(Collected data)
⟨

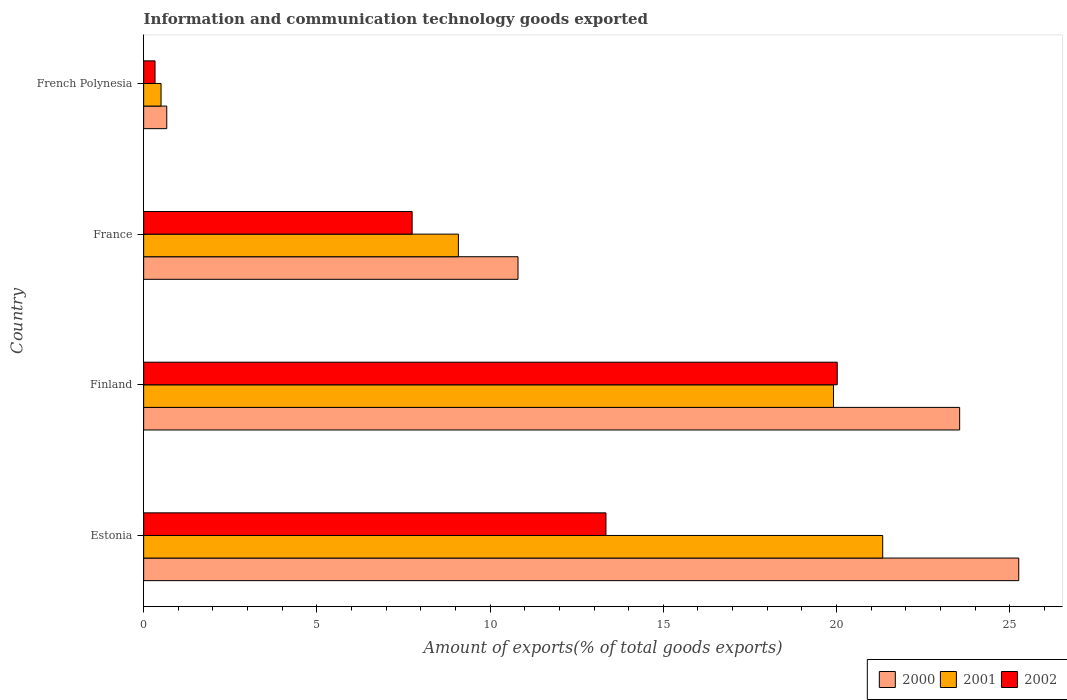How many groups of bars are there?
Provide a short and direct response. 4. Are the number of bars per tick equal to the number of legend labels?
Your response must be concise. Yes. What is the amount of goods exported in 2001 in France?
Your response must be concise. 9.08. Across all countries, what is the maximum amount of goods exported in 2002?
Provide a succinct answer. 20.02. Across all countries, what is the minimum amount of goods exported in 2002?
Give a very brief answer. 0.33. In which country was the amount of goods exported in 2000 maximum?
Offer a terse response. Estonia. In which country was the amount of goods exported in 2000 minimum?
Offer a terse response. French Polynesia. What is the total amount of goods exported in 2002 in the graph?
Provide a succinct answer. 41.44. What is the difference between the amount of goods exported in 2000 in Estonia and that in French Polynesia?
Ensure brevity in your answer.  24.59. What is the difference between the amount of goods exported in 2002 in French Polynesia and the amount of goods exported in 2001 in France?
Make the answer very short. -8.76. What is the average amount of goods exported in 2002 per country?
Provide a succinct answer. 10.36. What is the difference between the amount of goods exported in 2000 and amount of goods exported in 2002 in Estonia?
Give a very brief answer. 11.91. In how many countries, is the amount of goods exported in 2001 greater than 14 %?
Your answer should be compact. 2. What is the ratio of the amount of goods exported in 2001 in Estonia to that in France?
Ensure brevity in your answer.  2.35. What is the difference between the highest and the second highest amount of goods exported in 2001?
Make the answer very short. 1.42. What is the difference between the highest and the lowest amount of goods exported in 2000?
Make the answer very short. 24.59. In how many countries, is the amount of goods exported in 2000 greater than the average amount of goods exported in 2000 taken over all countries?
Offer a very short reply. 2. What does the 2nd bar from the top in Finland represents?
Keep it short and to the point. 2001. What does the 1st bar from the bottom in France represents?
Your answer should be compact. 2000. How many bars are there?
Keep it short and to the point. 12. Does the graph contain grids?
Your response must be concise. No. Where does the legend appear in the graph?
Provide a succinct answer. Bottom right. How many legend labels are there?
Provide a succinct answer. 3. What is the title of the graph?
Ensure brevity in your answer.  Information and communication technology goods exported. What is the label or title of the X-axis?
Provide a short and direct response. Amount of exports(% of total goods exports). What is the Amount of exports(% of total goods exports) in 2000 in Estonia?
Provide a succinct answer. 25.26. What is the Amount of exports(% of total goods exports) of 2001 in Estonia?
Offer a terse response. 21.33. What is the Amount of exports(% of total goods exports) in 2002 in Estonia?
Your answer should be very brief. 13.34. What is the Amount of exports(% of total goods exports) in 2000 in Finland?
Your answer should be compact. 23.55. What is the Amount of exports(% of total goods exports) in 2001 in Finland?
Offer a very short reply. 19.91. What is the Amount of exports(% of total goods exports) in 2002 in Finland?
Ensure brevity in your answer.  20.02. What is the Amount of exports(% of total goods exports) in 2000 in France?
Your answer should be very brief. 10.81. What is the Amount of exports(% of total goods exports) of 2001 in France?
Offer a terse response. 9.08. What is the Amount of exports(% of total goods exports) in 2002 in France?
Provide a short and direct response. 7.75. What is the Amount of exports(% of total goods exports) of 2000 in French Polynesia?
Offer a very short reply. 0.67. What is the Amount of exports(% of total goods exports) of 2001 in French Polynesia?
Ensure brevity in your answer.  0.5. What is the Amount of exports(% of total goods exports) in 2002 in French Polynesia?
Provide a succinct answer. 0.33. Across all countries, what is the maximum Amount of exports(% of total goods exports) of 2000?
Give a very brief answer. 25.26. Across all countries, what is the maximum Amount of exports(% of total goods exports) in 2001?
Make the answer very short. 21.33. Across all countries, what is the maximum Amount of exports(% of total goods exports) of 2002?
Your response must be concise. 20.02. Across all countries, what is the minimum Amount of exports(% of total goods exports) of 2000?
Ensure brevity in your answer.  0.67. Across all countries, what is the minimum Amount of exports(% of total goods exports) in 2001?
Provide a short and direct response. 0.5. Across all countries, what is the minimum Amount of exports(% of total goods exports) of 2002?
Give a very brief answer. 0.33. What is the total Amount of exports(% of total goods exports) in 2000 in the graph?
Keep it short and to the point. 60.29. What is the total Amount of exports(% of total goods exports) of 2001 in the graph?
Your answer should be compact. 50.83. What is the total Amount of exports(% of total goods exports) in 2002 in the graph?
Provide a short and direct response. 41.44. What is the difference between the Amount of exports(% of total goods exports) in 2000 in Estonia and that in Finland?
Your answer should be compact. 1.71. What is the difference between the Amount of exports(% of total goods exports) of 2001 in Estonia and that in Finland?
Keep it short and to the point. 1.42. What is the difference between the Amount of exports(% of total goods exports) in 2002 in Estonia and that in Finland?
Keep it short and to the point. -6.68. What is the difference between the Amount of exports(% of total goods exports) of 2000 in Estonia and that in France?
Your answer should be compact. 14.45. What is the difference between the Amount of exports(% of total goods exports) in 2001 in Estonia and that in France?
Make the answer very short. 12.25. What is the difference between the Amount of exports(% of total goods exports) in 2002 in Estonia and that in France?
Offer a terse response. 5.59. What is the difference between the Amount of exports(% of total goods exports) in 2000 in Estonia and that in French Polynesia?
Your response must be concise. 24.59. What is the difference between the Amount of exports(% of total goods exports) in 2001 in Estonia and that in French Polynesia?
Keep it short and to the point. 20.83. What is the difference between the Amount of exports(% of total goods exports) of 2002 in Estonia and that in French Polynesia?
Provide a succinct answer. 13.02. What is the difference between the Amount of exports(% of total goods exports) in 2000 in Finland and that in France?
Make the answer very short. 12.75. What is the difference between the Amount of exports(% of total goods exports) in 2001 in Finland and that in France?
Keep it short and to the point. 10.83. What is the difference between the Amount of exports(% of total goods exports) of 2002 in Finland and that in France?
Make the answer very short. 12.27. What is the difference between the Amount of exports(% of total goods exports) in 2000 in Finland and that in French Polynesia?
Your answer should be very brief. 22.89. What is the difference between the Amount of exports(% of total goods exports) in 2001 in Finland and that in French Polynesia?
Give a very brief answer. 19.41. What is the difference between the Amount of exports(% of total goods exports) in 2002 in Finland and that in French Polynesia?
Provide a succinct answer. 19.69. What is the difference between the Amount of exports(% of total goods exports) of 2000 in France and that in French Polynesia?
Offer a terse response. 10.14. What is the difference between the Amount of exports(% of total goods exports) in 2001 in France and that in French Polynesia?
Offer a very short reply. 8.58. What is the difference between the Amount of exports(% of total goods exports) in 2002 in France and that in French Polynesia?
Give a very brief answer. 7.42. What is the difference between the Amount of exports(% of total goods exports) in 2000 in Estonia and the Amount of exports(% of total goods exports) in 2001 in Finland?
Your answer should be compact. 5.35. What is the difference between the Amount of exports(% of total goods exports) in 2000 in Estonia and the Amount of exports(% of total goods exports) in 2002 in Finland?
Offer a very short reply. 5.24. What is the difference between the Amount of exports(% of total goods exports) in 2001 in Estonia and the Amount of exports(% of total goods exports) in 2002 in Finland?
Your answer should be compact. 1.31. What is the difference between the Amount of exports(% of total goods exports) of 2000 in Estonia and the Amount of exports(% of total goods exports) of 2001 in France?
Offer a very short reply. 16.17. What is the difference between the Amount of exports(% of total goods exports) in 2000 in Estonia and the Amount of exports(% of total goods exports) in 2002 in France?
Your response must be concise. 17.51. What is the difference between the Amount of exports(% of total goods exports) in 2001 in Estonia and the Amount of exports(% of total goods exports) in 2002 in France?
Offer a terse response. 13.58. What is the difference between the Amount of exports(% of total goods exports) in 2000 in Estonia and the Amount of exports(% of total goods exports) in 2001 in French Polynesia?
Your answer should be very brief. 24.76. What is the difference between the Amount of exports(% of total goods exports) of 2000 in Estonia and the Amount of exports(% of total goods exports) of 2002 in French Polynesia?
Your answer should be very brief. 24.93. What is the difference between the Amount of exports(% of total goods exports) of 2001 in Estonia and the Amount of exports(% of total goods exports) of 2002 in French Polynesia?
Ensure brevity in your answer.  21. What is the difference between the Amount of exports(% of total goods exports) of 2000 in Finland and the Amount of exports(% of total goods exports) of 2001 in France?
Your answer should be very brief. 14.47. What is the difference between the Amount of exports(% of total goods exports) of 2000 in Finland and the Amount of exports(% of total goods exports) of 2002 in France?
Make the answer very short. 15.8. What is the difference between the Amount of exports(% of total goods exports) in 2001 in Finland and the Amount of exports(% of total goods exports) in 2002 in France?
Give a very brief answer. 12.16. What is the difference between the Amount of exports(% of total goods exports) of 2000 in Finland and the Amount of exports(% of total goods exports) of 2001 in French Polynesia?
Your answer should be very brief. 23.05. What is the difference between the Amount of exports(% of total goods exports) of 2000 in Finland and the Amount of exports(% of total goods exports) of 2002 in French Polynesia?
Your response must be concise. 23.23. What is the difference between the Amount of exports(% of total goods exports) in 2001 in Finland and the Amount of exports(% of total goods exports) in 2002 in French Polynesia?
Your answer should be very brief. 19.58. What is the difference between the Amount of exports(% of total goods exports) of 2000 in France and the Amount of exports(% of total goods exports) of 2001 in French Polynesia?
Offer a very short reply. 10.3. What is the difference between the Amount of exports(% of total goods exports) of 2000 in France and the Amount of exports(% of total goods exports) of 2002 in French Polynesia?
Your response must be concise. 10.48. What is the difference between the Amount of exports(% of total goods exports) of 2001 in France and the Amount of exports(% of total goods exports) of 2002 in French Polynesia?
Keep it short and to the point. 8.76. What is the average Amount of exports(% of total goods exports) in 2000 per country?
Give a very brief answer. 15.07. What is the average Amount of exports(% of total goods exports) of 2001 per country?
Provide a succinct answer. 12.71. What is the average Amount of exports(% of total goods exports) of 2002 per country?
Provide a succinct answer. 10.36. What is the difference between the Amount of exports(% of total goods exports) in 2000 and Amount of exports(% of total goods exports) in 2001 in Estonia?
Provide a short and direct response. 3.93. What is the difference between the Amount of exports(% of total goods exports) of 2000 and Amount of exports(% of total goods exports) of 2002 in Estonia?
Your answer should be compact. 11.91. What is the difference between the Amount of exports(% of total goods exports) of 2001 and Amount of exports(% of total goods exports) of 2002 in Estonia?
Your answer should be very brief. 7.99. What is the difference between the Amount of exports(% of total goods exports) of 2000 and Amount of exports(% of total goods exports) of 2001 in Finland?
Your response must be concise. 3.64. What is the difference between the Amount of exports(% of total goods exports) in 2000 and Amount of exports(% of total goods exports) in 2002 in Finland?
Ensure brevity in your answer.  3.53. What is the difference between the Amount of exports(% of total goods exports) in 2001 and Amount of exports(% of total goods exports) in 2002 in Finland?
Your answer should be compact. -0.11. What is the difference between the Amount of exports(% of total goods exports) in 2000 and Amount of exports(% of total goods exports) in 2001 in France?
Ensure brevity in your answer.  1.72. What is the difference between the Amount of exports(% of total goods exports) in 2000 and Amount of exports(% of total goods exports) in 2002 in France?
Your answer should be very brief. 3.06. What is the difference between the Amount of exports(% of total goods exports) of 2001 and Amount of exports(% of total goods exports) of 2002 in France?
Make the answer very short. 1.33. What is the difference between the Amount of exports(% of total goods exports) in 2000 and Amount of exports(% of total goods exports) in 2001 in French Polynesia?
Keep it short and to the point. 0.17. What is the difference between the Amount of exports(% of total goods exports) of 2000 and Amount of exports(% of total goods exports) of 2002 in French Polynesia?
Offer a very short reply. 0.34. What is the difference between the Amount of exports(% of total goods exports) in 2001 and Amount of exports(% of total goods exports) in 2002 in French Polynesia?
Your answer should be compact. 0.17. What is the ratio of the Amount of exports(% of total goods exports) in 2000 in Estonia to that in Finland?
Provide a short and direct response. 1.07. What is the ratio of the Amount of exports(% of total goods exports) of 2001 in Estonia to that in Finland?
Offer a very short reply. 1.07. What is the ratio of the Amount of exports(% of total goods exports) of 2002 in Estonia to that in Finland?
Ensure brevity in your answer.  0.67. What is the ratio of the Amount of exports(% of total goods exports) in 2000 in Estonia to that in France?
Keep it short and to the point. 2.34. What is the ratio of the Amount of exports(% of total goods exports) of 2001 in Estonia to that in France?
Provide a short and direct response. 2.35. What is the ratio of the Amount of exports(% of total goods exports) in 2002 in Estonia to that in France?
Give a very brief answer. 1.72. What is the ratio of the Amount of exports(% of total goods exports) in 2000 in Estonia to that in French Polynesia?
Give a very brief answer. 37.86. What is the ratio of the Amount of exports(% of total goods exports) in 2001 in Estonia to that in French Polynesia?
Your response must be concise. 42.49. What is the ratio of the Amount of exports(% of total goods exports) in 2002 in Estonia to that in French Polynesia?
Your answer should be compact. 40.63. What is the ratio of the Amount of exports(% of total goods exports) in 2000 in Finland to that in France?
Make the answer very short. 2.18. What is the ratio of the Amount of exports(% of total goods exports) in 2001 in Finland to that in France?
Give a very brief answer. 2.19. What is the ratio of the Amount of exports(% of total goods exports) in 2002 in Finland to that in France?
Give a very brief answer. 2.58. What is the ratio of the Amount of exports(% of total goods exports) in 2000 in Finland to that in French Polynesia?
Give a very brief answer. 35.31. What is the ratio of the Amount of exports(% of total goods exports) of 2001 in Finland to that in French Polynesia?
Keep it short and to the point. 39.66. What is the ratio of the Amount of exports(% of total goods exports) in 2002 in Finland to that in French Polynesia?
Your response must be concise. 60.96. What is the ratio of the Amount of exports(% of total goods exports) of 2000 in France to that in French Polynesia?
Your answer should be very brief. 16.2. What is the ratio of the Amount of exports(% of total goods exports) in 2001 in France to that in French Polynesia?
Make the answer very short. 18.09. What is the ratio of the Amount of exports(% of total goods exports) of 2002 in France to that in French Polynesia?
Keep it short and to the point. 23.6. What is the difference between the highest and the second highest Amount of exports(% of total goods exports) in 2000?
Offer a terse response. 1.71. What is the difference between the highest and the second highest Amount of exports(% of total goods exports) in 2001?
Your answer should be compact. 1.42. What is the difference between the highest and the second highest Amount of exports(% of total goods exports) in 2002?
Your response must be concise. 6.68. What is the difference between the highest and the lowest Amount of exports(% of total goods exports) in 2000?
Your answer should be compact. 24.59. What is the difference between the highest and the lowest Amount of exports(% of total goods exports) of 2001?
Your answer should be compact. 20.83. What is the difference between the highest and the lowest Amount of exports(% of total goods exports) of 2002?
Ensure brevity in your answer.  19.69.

⟩

Exercise description: From the entries above, write out only the lines starting at the line that holds "2000 in Estonia to that in France?" and ending at the line that holds "Give a very brief answer. 37.86.", keeping both and matching them exactly.

Response to this exercise:
Ensure brevity in your answer.  0.67. What is the ratio of the Amount of exports(% of total goods exports) in 2000 in Estonia to that in France?
Keep it short and to the point. 2.34. What is the ratio of the Amount of exports(% of total goods exports) of 2001 in Estonia to that in France?
Provide a short and direct response. 2.35. What is the ratio of the Amount of exports(% of total goods exports) in 2002 in Estonia to that in France?
Give a very brief answer. 1.72. What is the ratio of the Amount of exports(% of total goods exports) in 2000 in Estonia to that in French Polynesia?
Give a very brief answer. 37.86. What is the ratio of the Amount of exports(% of total goods exports) in 2001 in Estonia to that in French Polynesia?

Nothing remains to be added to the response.